TASK DIRECTIONS
Pictures stay out of the copy; set down each line of the listing below exactly.

┄┄┄┄┄┄┄┄┄┄┄┄┄┄┄┄┄┄┄┄

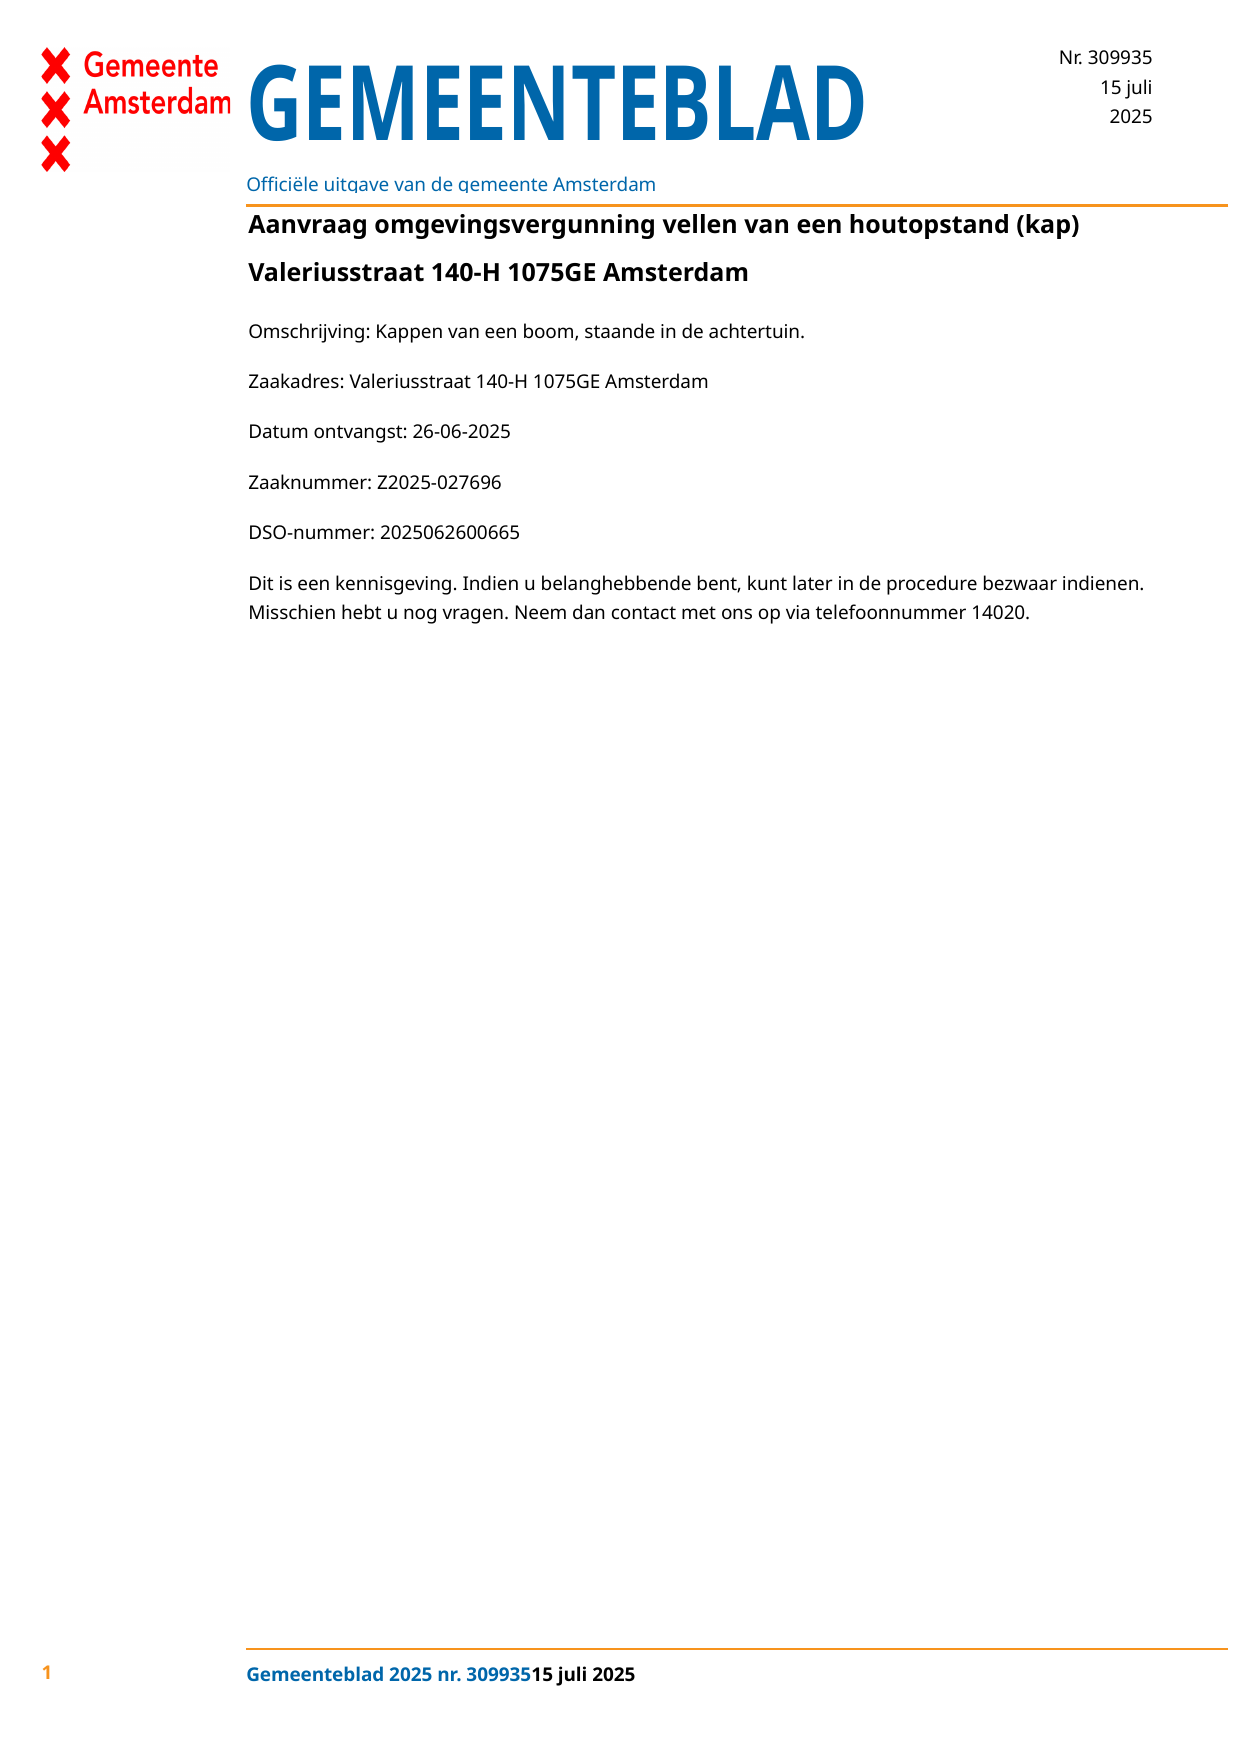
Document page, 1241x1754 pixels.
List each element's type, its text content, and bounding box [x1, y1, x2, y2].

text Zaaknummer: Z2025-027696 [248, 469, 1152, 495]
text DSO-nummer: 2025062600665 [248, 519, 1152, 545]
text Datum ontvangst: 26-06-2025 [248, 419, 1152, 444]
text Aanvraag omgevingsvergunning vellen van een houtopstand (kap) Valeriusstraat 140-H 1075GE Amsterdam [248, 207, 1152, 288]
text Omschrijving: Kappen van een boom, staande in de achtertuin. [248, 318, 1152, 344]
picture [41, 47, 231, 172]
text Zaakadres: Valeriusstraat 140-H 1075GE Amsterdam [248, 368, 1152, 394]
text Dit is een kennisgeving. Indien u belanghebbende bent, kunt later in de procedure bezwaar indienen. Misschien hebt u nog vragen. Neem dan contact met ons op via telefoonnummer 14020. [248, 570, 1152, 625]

┄┄┄┄┄┄┄┄┄┄┄┄┄┄┄┄┄┄┄┄

ANSWER SECTION
Document page, 1241x1754 pixels.
List each element's type, its text content, and bounding box [x1, y1, x2, y2].

text Zaaknummer: Z2025-027696 [248, 469, 1152, 495]
text DSO-nummer: 2025062600665 [248, 519, 1152, 545]
text Datum ontvangst: 26-06-2025 [248, 419, 1152, 444]
text Aanvraag omgevingsvergunning vellen van een houtopstand (kap) Valeriusstraat 140-H 1075GE Amsterdam [248, 207, 1152, 288]
text Omschrijving: Kappen van een boom, staande in de achtertuin. [248, 318, 1152, 344]
picture [41, 47, 231, 172]
text Zaakadres: Valeriusstraat 140-H 1075GE Amsterdam [248, 368, 1152, 394]
text Dit is een kennisgeving. Indien u belanghebbende bent, kunt later in de procedure bezwaar indienen. Misschien hebt u nog vragen. Neem dan contact met ons op via telefoonnummer 14020. [248, 570, 1152, 625]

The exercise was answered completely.